Instance type selection
For CPU functions, only Elastic Instances are supported. For GPU Functions, you can choose the most suitable instance type based on your business's resource utilization, latency sensitivity, and cost stability requirements. You can switch between the three instance types at any time without service interruption.
You can bind Provisioned Instances only to GPU Functions that belong to the Ada, Ada.2, Ada.3, Hopper, or Xpu.1 series.
Elastic Instance
If you set the minimum number of of instances for a function to 0, instances automatically scale based on the request volume and are released when there are no requests. This enables a pay-as-you-go model in which you are charged only for what you use, maximizing cost savings. Higher request frequency leads to better resource utilization and greater cost savings compared to virtual machines.
Cold start behavior
Yes, cold starts can occur.

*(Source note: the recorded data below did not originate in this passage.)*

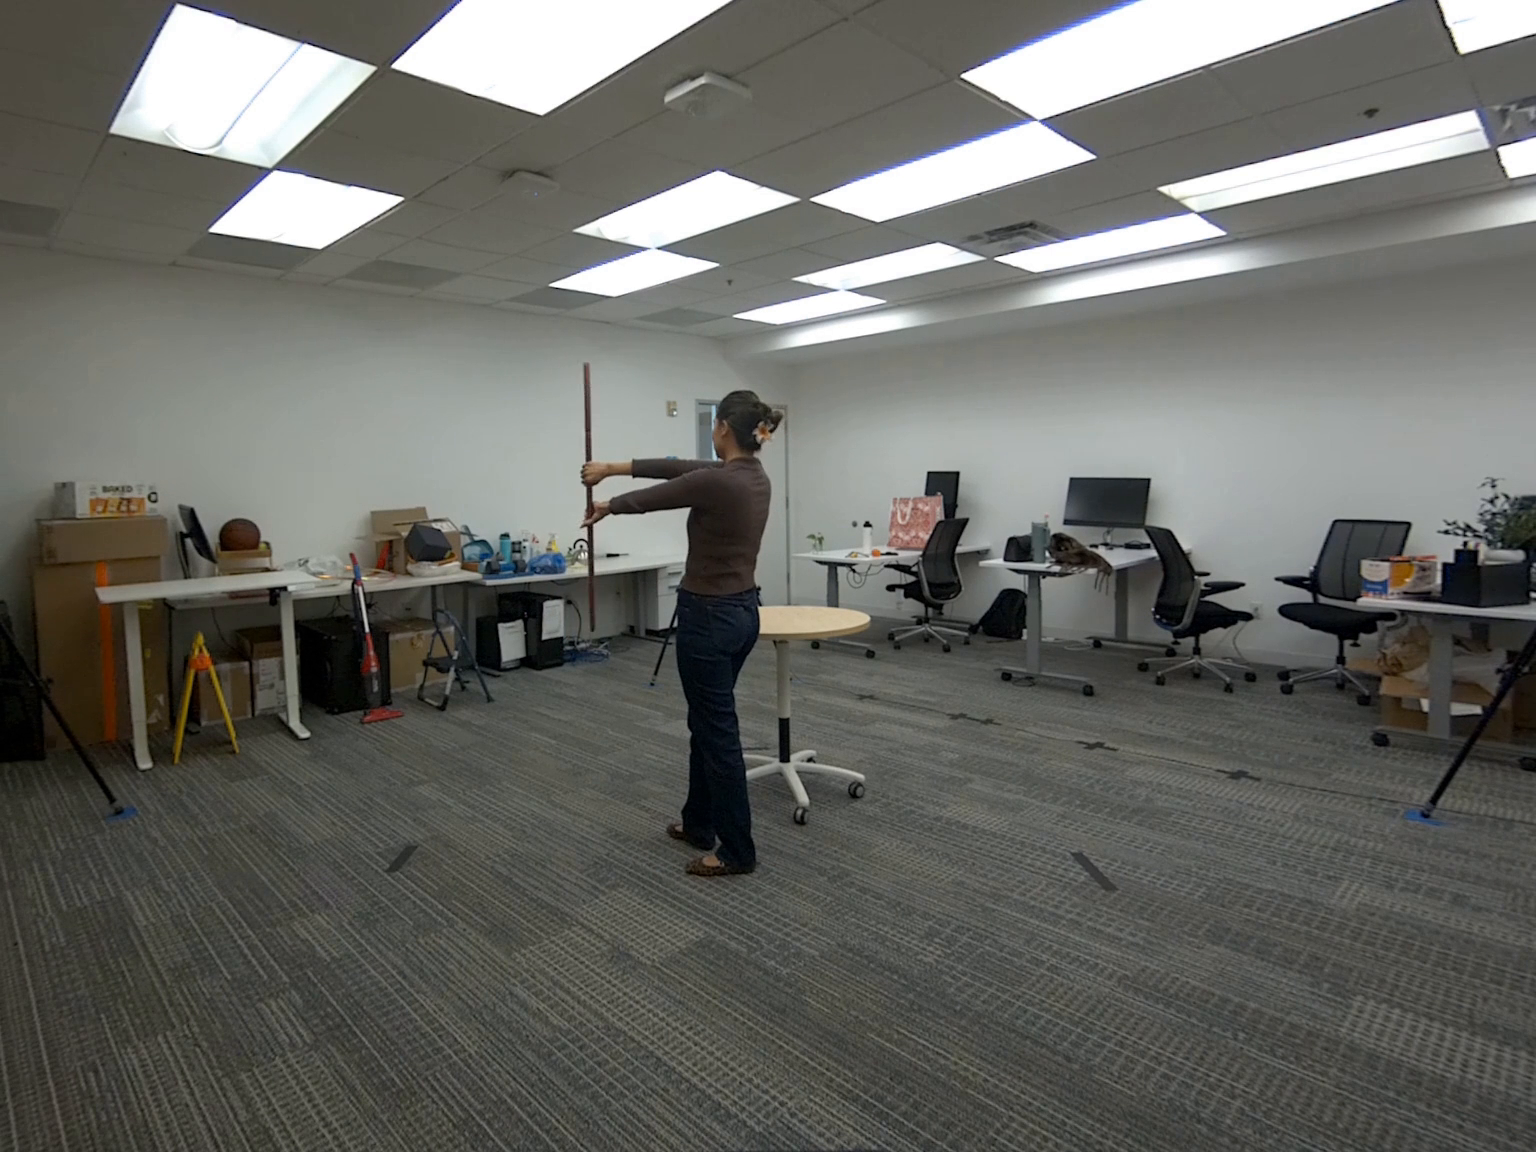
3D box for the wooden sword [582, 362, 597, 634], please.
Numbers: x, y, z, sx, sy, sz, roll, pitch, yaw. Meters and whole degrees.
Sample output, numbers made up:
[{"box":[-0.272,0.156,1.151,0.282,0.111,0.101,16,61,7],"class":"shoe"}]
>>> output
[{"box":[-0.684,-0.327,3.253,0.024,1.030,0.051,-4,-5,-3],"class":"wooden sword"}]

For latency-sensitive workloads, you can mitigate cold starts by setting the minimum number of instances to 1 or higher. This pre-allocates elastic resources, allowing instances to be activated quickly to handle incoming requests.
Billing (Pay-as-you-go)
Function costs include charges for active Elastic Instances and Elastic Instances in Shallow Hibernation. If you set the minimum number of instances to 1 or more, we recommend enabling the Shallow Hibernation mode. In this state, you are not charged for vCPU resources, and GPU resources are billed at only one-fifth of the active rate, significantly lowering costs compared to active elastic instances.
For more information about the use cases for active and Shallow Hibernation states, see Elastic Instance.
Provisioned Instance
This instance type applies only to GPU Functions. You purchase a Provisioned Resource Pool in advance and then allocate a specific number and type of provisioned instances to your function. This approach provides predictable, fixed costs and is ideal for workloads with high resource utilization, strict latency requirements, or stable billing requirements.

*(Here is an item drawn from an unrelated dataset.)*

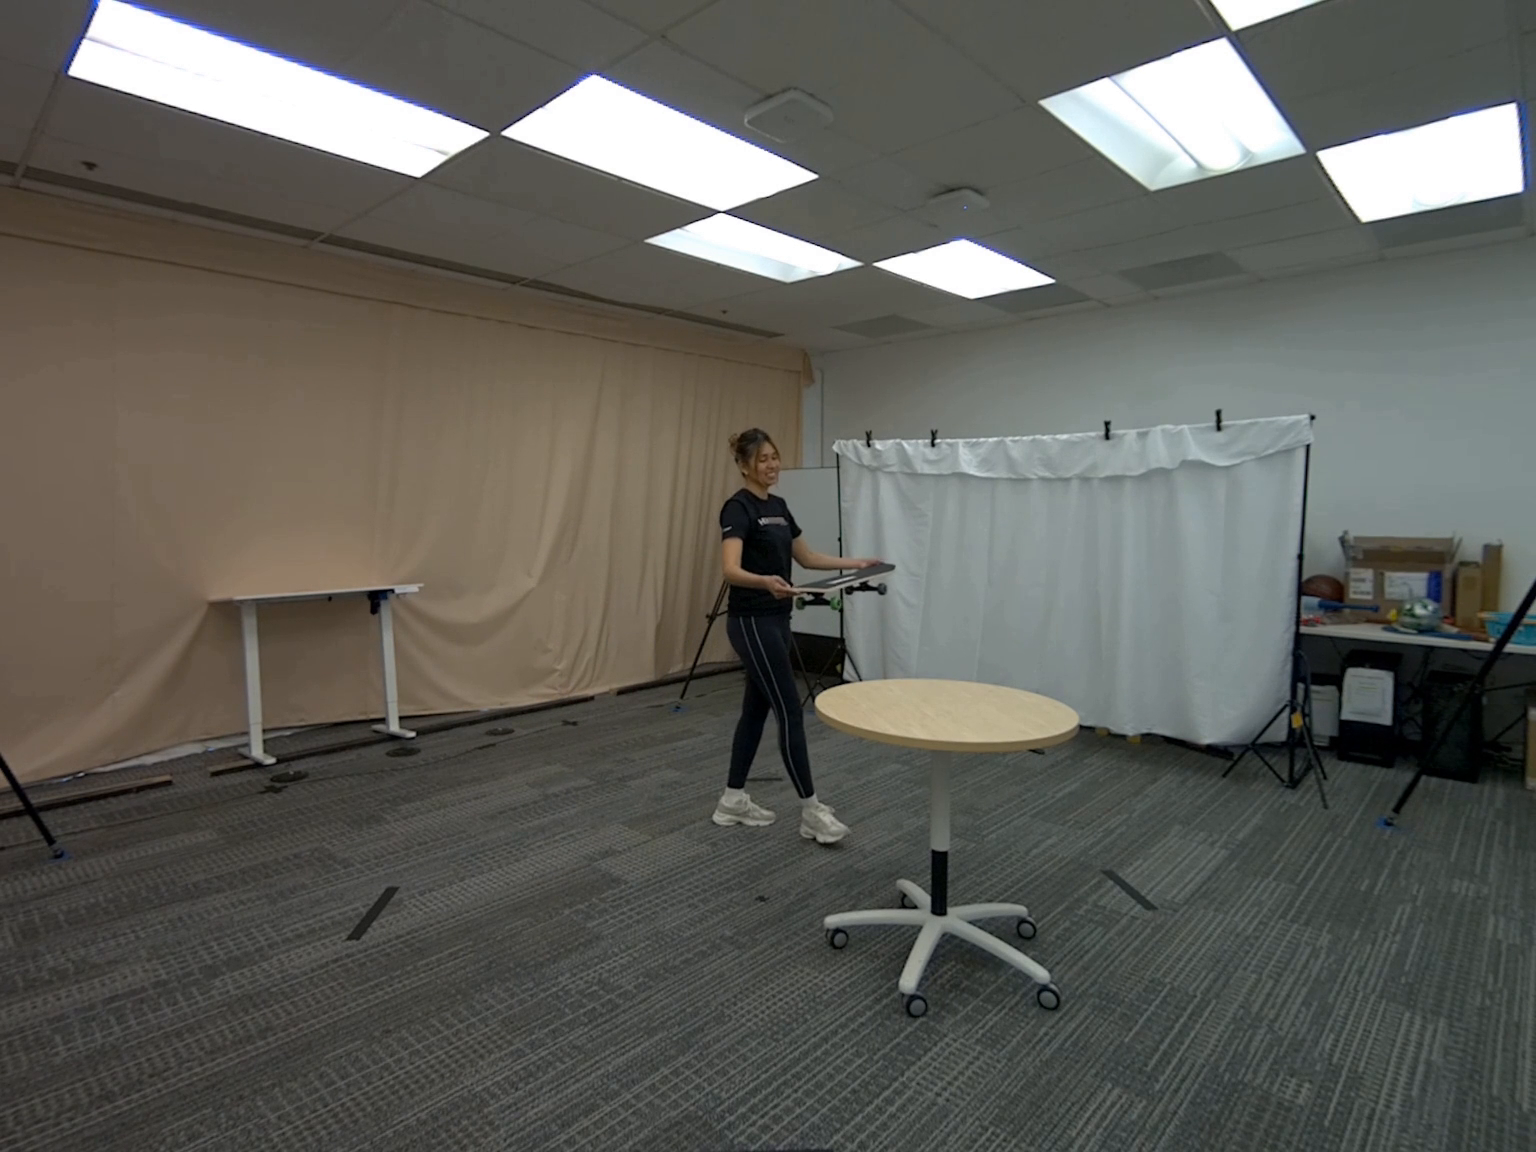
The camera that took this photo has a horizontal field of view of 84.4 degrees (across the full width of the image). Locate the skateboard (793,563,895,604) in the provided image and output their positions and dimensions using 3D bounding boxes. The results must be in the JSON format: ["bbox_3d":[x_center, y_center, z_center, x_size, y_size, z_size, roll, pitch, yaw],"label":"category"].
[{"bbox_3d":[0.298,0.050,3.366,0.199,0.110,0.764,1,8,35],"label":"skateboard"}]

After purchasing a monthly provisioned resource pool, the platform allocates a certain quota of boost instances in addition to your subscription-based provisioned instances. This boost instance quota is not billed.
Cold start behavior
No, there are no cold starts. When you use Provisioned Instances, requests within your allocated capacity receive a real-time response. The maximum number of concurrent requests a function can handle is calculated as: (Number of allocated Provisioned Instances) × (Instance concurrency)+ the boost instance quota. Any requests that exceed this limit are throttled.
Billing (Subscription)
The function cost is the total subscription fee for all purchased provisioned resource pools. The boost instance quota is not billed.
Provisioned Instance and Elastic Instance (Mixed Mode)
This mode applies only to GPU Functions. It combines the benefits of Provisioned Instances and Elastic Instances, making it ideal for workloads with significant traffic fluctuations. The system first uses the provisioned resource pool to handle steady-state traffic. When requests exceed the capacity of the provisioned pool, the system automatically scales out by launching elastic instances. This approach guarantees stable baseline capacity while effectively managing sudden traffic bursts.
Cold start behavior
Partially. Requests handled by the provisioned resource pool (up to the minimum number of instances) are processed in real-time with no cold starts. However, when traffic triggers auto-scaling and new elastic instances are launched, those new instances will experience a cold start.
Billing
The cost in Mixed Mode consists of both subscription and pay-as-you-go components:
Provisioned portion: Billed against your purchased Provisioned Resource Pool quota.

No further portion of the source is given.